Mining activities have led to serious environmental (soil erosion, degradation of vegetation, and groundwater contamination) and human health (musculoskeletal problems, diarrheal conditions, and chronic diseases) issues at desert mining areas in northwest China. Native plant species grown naturally in desert regions show a unique tolerance to arid and semiarid conditions and are potential candidates for soil phytoremediation. Here, an ex situ experiment involving pot planting of seedlings of three native plant species (Suaeda glauca, Artemisia desertorum, and Atriplex canescens) was designed to explore their phytoremediation potential and the underlying physiological mechanism. For Zn and Cu, the three plants were all with a biological accumulation coefficient (BAC) greater than 1. For Cd, Ni, and Pb, Atriplex canescens had the highest bioaccumulation concentrations (521.52, 862.23, and 1734.59 mg/kg), with BAC values (1.06, 1.30, 1.25) greater than 1, which indicates that Atriplex canescens could be a broad-spectrum metal extraction plant. Physiological analysis (antioxidation, extracellular secretions, photosynthesis, and hydraulics) showed that the three desert plants exploited their unique strategy to protect against the stress of complex metals in soils.
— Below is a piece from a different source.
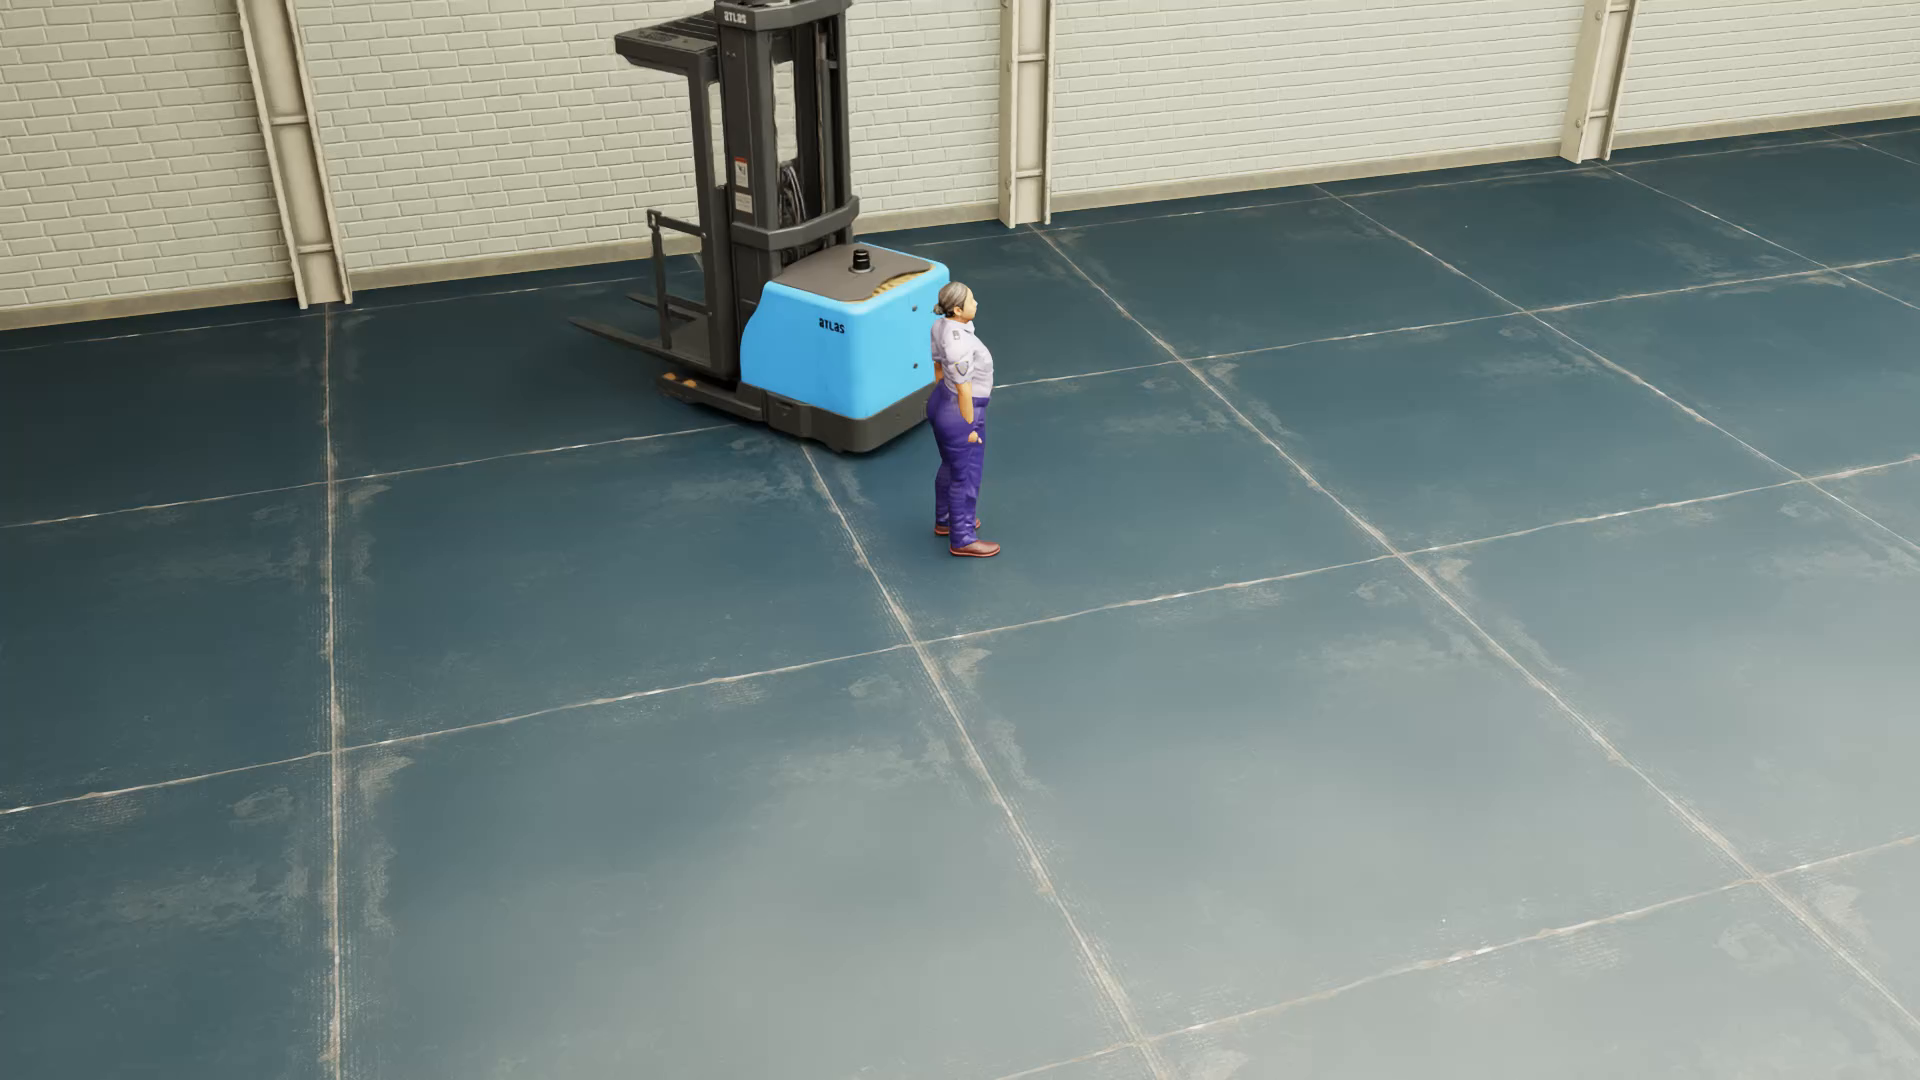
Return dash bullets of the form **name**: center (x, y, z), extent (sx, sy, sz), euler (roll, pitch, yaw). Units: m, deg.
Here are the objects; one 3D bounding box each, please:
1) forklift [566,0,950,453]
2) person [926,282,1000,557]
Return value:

Moreover, the second growing period was the main heavy metal accumulation and extraction stage concomitant with highest water use efficiency (iWUE). Taken together, the three desert plants exhibited the potent heavy metal extraction ability and physiological and ecological adaptability to a harsh polluted environment in arid desert areas, providing potential resources for the bioremediation of metal-contaminated soils in an arid and semiarid desert environment.